- **WHAT NEEDS TO BE DONE**:
Return all lines from the listing below that include the word "pitch".

- **SUPPLIED MATERIAL**:

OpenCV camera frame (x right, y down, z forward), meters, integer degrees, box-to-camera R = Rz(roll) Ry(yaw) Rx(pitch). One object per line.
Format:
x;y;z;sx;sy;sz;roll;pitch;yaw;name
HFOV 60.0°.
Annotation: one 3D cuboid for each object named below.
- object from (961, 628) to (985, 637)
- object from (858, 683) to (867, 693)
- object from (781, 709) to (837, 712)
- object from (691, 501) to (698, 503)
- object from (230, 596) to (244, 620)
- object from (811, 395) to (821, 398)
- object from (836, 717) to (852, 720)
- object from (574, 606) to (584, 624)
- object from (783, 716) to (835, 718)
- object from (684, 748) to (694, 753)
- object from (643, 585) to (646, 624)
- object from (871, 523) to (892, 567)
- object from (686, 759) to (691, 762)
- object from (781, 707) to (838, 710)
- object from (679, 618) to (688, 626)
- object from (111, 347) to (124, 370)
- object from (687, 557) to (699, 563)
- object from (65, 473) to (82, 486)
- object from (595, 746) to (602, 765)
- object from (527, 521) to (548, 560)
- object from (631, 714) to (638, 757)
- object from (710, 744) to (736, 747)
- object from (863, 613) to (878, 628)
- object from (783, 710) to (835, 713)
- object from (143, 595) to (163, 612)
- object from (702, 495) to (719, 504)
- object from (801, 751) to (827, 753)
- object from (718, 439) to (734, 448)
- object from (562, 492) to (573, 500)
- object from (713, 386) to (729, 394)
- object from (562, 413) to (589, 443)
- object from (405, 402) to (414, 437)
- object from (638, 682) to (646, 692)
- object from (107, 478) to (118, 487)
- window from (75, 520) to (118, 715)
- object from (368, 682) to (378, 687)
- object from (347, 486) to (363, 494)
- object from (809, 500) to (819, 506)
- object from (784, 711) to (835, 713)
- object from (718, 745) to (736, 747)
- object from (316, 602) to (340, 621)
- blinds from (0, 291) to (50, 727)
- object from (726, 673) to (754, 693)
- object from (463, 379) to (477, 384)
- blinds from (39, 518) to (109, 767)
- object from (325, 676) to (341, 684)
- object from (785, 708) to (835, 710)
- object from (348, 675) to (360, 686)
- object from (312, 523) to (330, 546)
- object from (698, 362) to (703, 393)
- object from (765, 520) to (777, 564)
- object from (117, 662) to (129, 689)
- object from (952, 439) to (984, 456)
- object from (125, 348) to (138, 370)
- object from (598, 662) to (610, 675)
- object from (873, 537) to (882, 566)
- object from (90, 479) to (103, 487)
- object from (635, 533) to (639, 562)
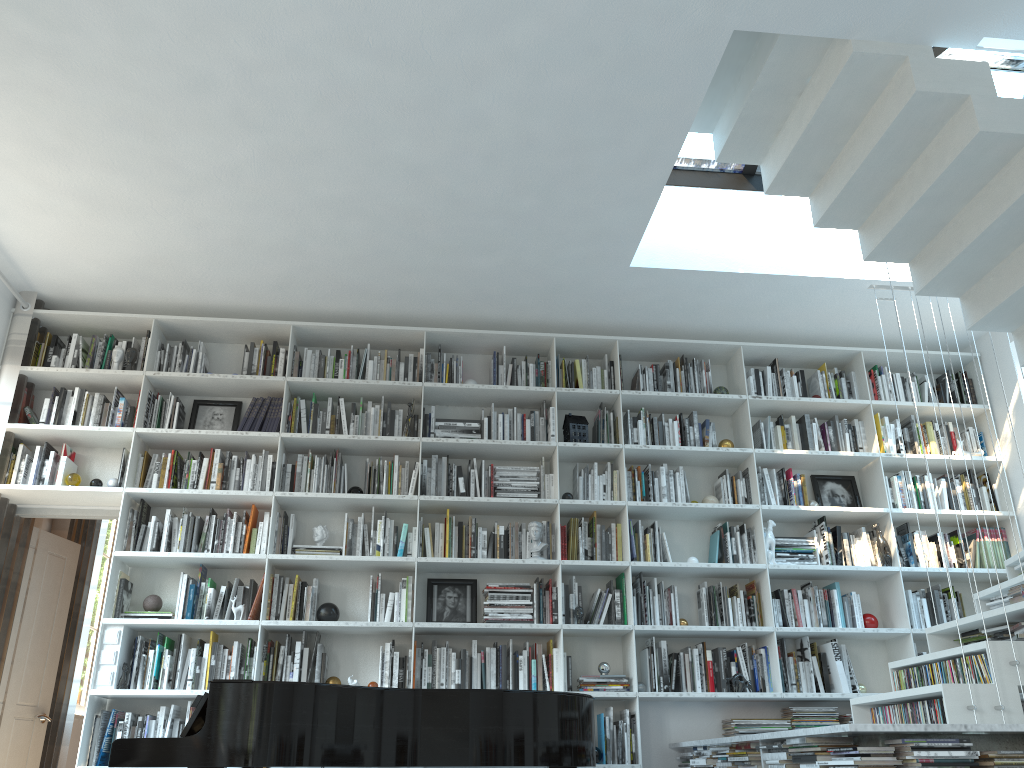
2.391;1.258;4.483;0.161;0.025;0.175;1;-24;-2;object
2.079;1.826;5.294;0.071;0.072;0.072;-20;-30;38;object
1.748;1.925;5.228;0.285;0.005;0.160;2;-24;-6;object
1.153;0.772;5.609;0.068;0.068;0.068;12;-26;-26;object
-1.534;1.254;4.943;0.082;0.139;0.044;9;-25;-21;object
2.034;0.108;5.927;0.071;0.072;0.072;-20;-30;38;object
2.115;1.980;5.249;0.327;0.008;0.208;2;-24;-6;object
0.391;1.341;5.131;0.054;0.113;0.080;3;-23;-7;object
1.745;1.959;5.212;0.254;0.005;0.161;2;-24;-6;object
1.076;2.071;5.012;0.131;0.024;0.291;1;-24;-4;object
0.785;1.359;5.366;0.007;0.265;0.135;2;-23;-6;object
2.305;1.010;5.517;0.087;0.287;0.075;-12;-26;26;object
1.072;2.118;4.991;0.135;0.011;0.222;1;-24;-2;object
1.749;1.910;5.221;0.285;0.005;0.160;0;-24;-1;object
1.021;1.444;5.320;0.071;0.072;0.072;-20;-30;38;object
-2.429;-0.137;5.448;0.067;0.197;0.068;-16;-28;33;object
1.109;1.096;5.441;0.071;0.072;0.072;-20;-30;38;object
-2.581;0.567;5.216;0.087;0.087;0.087;-20;-30;38;object
0.451;2.047;4.886;0.094;0.094;0.094;-20;-30;38;object
0.143;0.946;5.297;0.137;0.243;0.138;19;-30;-37;object
0.683;1.994;4.974;0.011;0.259;0.142;2;-23;-6;object
1.124;1.821;4.470;0.159;0.007;0.286;4;-24;-9;object
2.184;1.466;5.435;0.115;0.116;0.115;12;-26;-26;object
1.748;1.930;5.225;0.254;0.005;0.161;2;-24;-6;object
-2.040;1.251;5.036;0.105;0.106;0.105;12;-26;-26;object
1.264;0.766;5.651;0.112;0.112;0.112;12;-26;-26;object
1.249;1.457;3.509;0.142;0.006;0.204;3;-24;-8;object
1.384;0.407;5.729;0.101;0.101;0.101;12;-26;-26;object
0.343;0.704;5.463;0.071;0.072;0.072;-20;-30;38;object
1.383;0.067;5.868;0.104;0.105;0.104;-20;-30;38;object
0.408;0.307;5.672;0.135;0.247;0.136;6;-24;-15;object
-0.630;0.235;5.506;0.075;0.253;0.075;11;-26;-25;object
0.744;1.765;5.144;0.071;0.072;0.072;-20;-30;38;object
-2.363;0.594;5.262;0.071;0.072;0.072;12;-26;-26;object
-3.459;1.796;7.573;0.073;2.000;1.992;2;-24;-6;window
-0.777;1.697;4.960;0.061;0.062;0.061;-20;-30;38;object
-0.952;0.671;5.393;0.097;0.098;0.097;-20;-30;38;object
1.921;0.791;5.689;0.092;0.092;0.092;-20;-30;38;object
1.748;1.935;5.223;0.254;0.005;0.161;2;-24;-6;object
1.139;1.827;4.469;0.144;0.005;0.258;2;-24;-6;object
-1.062;1.330;5.118;0.134;0.134;0.134;-20;-30;38;object
-3.015;1.060;5.164;0.140;3.216;0.779;2;-23;-6;blinds
1.304;1.711;5.072;0.160;0.113;0.065;8;-24;-17;object
-0.270;0.022;5.748;0.105;0.105;0.105;12;-26;-26;object
-3.143;1.532;6.242;0.140;3.216;0.779;2;-23;-6;blinds
-1.005;1.691;4.982;0.091;0.091;0.091;12;-26;-26;object
1.748;1.919;5.228;0.254;0.005;0.161;2;-24;-5;object
-0.879;1.669;4.934;0.060;0.094;0.078;-4;-24;10;object
-1.148;0.911;5.310;0.095;0.156;0.122;-3;-24;7;object
1.258;0.013;5.984;0.006;0.296;0.130;2;-23;-6;object
1.580;0.973;5.426;0.087;0.287;0.075;-12;-26;26;object
-2.088;1.572;4.762;0.045;0.146;0.045;-14;-27;29;object
3.001;0.437;5.860;0.203;0.136;0.095;-4;-24;9;object
-2.348;-0.134;5.456;0.067;0.197;0.068;-16;-28;33;object
0.529;1.632;5.089;0.071;0.072;0.072;-20;-30;38;object
2.291;1.098;5.629;0.022;0.210;0.179;2;-23;-6;object
-2.471;0.598;5.270;0.071;0.072;0.072;12;-26;-26;object
0.758;1.042;5.480;0.013;0.207;0.140;2;-23;-6;object

- **SOLVED PROBLEM**:
OpenCV camera frame (x right, y down, z forward), meters, integer degrees, box-to-camera R = Rz(roll) Ry(yaw) Rx(pitch). One object per line.
x;y;z;sx;sy;sz;roll;pitch;yaw;name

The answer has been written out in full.